The UAE remains the most competitive economy in the Middle East and North Africa (Mena) region in 2022, according to the IMD World Competitiveness 2022 Report released on Wednesday.

The Emirates was ranked 12th globally in the latest report, down three positions, but still more competitive than the world’s major economies such as Canada, Germany, China, Australia, Austria, UK, South Korea, France, New Zealand, Japan and others.

In the region, Qatar came second with 18th position, followed by Saudi Arabia (24th), Israel (25th) and Bahrain (30th).

The UAE was ranked 1st globally in a number of sub-indices, including basic infrastructure, adaptability of government policy, immigration laws, income distribution, tax evasion, collected personal income tax, redundancy cost, management of cities, population growth, dependency ratio of family members on each other, energy infrastructure, the highest internet users and student mobility inbound.

The study, which is produced annually, covered 63 countries and looked at four key indicators – economic performance, government efficiency, business efficiency and infrastructure, with each having many sub-indices.

The UAE saw a major improvement in various sub-indices including gross fixed capital formation real growth, renewable energies, real GDP growth, government budget surplus due to high oil prices, improvement in the current account balance, increase in stock market capitalization, improvement in labor force especially low unemployment rate and exports.

Denmark reached the top spot for the first time in the ranking’s 34-year history, having come 3rd in 2021. It performed outstandingly in the business efficiency factor and in the productivity and efficiency and management practices sub-factors. Switzerland moved down to second, and Singapore rebounded to third from fifth.
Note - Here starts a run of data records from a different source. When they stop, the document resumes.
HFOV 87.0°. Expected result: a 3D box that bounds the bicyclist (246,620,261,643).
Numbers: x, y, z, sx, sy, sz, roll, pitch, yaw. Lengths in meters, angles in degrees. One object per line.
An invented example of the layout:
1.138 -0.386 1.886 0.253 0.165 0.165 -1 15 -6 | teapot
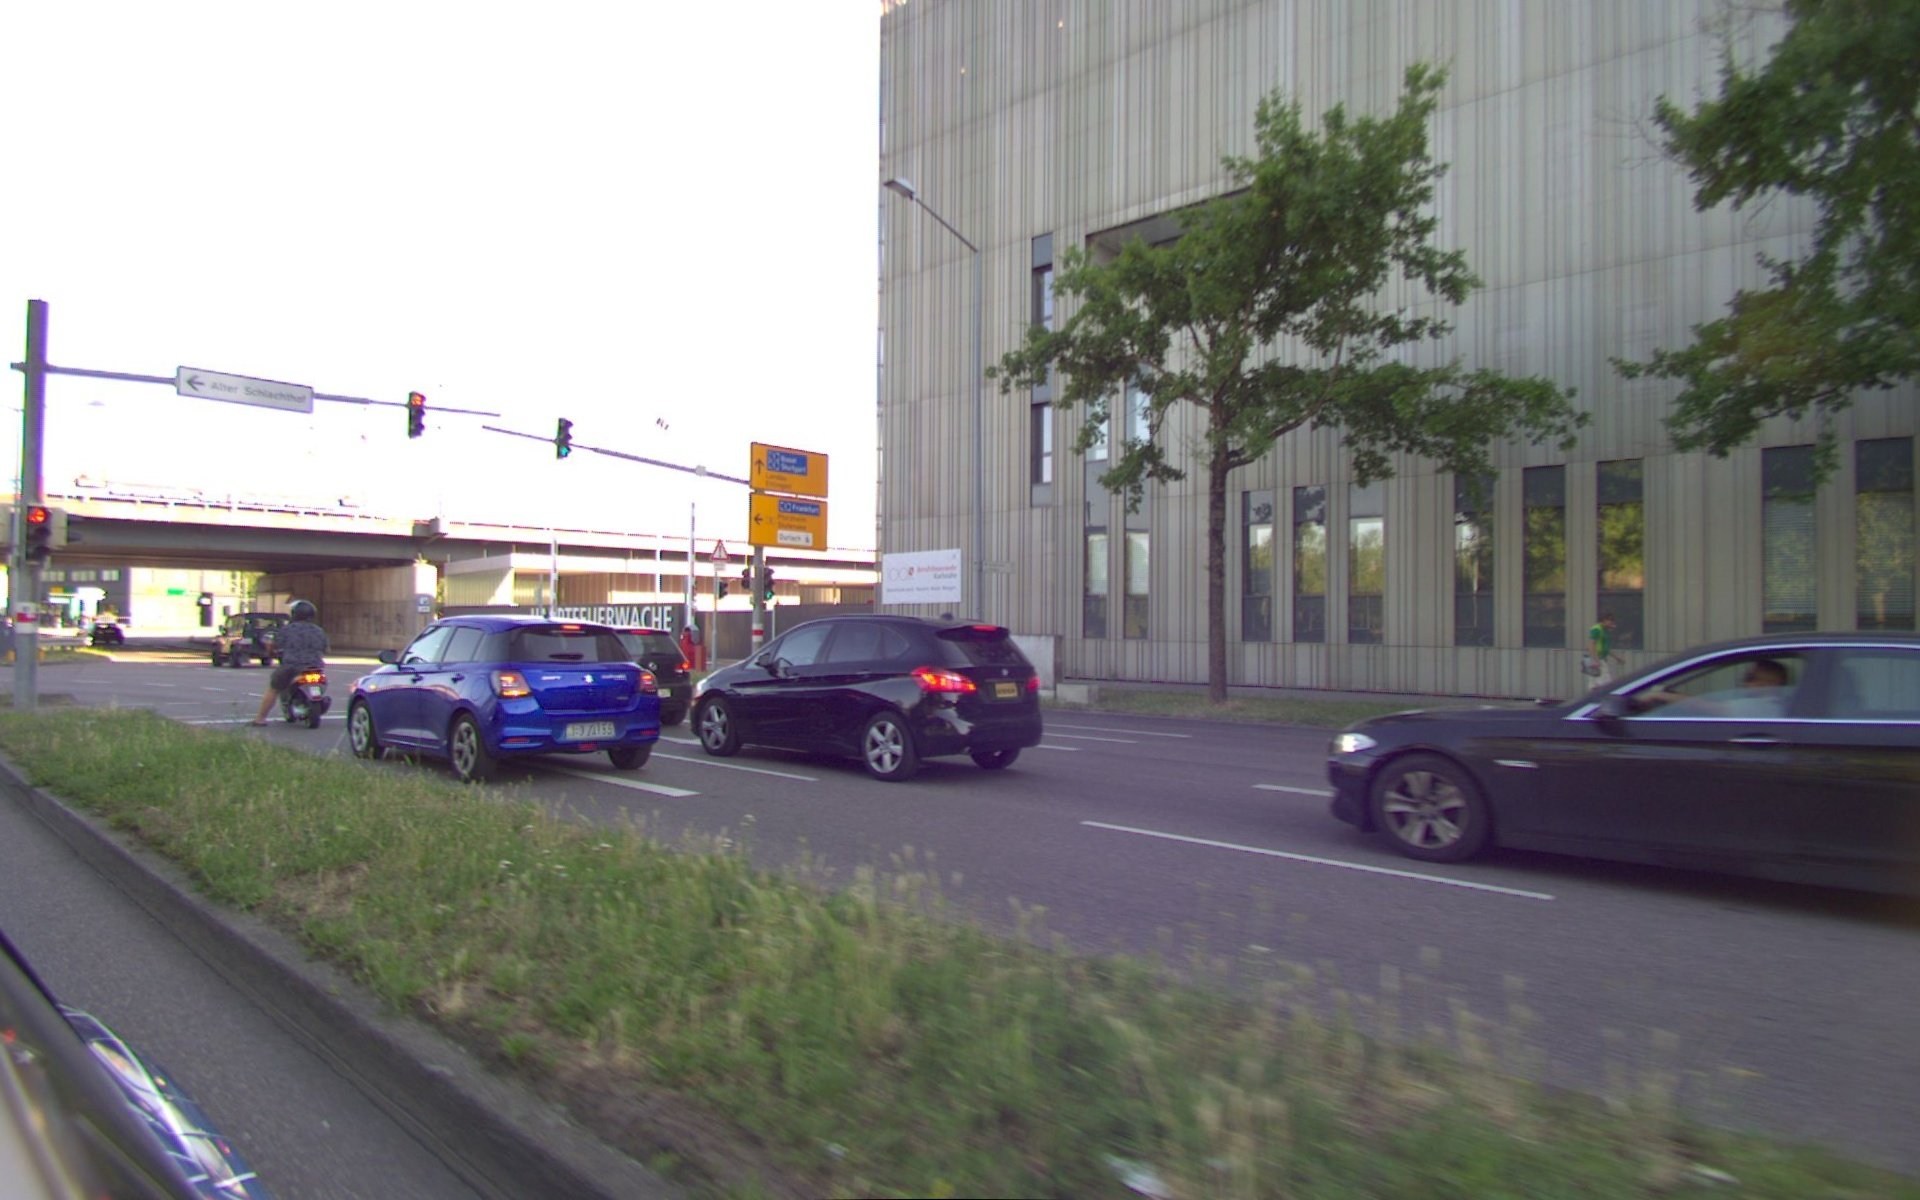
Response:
-48.712 2.153 69.757 0.716 1.575 0.940 0 0 -45 | bicyclist

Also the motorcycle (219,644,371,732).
-9.016 1.151 13.683 2.395 1.084 0.833 -1 -4 35 | motorcycle

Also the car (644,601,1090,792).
-1.153 0.890 10.855 4.711 1.604 1.973 0 -5 40 | car

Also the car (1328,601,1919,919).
4.820 0.822 5.670 4.795 1.463 1.973 0 -5 40 | car

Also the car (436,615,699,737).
-5.957 1.018 15.181 4.077 1.486 1.973 0 1 40 | car

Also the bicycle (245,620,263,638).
-48.605 2.013 69.679 0.697 1.165 2.082 0 -2 -45 | bicycle

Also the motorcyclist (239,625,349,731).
-9.004 1.038 13.685 1.271 1.360 0.790 -2 -4 34 | motorcyclist

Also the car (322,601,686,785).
-4.587 0.806 9.961 3.854 1.463 1.685 0 -5 40 | car

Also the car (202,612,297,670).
-26.137 1.528 37.194 3.990 1.994 1.776 -2 -6 40 | car

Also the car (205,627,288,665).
-33.787 2.165 47.911 4.711 1.604 1.973 0 -5 40 | car

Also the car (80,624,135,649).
-56.478 2.417 67.043 4.345 1.411 1.973 0 -5 40 | car

The other countries that made it to the top 10 are Sweden, Hong Kong, Netherlands, Taiwan (China), Finland, Norway and USA.

“Denmark is the most digitally advanced country in the world and now takes the top spot thanks to good policies, advantages afforded by being a European country, a clear focus on sustainability and a push from its agile corporate sector,” explained professor Arturo Bris, director of the IMD World Competitiveness Centre (WCC).
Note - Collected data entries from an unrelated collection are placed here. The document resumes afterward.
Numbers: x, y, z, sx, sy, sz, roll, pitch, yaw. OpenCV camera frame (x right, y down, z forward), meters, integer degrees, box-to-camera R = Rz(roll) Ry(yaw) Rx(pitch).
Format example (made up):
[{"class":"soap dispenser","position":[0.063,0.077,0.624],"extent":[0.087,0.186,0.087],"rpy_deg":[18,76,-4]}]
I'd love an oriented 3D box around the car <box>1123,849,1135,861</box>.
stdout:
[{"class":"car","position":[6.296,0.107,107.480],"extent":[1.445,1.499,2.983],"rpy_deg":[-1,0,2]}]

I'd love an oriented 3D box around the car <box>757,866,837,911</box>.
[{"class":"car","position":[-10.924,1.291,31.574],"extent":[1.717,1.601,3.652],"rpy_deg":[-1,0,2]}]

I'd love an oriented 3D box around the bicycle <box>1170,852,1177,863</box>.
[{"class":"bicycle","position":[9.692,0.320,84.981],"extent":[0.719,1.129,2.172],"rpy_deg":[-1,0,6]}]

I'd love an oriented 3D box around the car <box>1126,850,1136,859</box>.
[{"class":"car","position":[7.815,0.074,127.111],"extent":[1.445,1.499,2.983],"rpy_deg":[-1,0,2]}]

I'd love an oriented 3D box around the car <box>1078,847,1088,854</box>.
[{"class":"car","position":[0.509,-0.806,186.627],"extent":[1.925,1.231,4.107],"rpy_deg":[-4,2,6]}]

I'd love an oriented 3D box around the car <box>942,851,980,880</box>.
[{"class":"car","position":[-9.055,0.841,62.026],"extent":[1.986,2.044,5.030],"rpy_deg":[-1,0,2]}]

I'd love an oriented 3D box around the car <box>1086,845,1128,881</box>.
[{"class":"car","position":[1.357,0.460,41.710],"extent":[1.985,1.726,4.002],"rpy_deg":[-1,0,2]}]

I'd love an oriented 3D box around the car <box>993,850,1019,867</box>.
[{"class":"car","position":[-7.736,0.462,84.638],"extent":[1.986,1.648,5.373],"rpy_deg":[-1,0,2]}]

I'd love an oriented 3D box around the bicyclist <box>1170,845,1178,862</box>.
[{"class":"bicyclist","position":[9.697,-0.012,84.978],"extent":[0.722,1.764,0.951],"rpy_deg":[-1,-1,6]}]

Canada was rated 14th (unchanged), China at 17th (down one position), the UK at 23rd (down five positions) and India at 37th ranking (up six positions).
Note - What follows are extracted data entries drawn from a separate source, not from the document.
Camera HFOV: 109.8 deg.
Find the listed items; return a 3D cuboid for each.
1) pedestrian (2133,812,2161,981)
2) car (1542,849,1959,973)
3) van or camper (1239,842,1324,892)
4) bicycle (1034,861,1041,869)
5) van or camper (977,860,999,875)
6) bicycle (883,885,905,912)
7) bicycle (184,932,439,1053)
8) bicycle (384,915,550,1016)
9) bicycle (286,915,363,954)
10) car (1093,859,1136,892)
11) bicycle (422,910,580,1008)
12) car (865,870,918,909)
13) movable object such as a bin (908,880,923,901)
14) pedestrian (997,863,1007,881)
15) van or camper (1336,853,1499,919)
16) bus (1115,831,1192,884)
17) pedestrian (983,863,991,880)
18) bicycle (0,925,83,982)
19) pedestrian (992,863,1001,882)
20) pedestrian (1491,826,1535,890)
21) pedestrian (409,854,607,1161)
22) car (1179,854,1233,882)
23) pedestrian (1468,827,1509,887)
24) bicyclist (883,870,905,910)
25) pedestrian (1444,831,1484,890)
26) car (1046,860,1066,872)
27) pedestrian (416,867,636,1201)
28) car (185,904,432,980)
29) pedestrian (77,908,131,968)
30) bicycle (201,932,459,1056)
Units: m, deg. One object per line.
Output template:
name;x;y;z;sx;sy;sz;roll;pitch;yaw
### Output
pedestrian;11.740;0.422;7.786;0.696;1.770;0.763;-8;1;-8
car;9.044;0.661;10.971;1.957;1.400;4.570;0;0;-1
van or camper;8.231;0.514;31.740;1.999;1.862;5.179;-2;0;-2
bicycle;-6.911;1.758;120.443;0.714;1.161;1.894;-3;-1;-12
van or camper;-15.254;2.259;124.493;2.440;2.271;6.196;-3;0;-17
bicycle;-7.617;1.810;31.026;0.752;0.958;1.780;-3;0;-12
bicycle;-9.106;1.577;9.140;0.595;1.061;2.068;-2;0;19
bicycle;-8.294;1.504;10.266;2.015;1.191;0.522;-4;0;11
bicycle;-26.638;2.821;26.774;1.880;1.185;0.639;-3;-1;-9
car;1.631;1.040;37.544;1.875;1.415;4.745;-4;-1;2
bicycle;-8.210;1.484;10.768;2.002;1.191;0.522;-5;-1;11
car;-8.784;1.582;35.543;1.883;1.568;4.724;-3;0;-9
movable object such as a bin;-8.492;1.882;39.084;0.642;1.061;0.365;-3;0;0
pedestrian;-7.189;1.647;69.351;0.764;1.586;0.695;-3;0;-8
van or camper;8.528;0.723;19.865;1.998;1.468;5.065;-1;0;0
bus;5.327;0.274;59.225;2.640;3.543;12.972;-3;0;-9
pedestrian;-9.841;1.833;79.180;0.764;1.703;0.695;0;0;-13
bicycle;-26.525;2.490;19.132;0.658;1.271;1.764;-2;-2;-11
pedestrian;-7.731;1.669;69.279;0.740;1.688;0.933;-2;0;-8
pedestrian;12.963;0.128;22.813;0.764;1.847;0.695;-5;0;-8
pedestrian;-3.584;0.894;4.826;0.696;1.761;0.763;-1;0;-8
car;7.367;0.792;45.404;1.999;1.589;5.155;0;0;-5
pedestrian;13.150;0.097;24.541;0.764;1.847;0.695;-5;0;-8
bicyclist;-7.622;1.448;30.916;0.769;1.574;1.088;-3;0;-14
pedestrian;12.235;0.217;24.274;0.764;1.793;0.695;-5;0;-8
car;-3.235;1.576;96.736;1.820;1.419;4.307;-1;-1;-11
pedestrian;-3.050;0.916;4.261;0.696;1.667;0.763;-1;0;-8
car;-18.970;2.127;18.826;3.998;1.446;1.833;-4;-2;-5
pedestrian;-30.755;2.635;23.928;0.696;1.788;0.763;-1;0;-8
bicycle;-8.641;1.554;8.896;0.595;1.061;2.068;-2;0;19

The study reflected that inflationary pressures are having a greater impact on businesses – and therefore on the competitiveness of national economies than concerns about greenhouse emissions and socio-economic disparities.

“Inflationary pressure is shown to be affecting most of the economies studied,” said Christos Cabolis, Chief Economist at the WCC.

“Other global challenges having an impact on the competitiveness of countries include variants of Covid-19 appearing under different intensity with respect to the number of infected people around the world; differing national policies to address Covid (the ‘zero-tolerance Covid’ policy versus the ‘moving on from Covid’ policy); and the invasion of Ukraine by Russia,” he explained.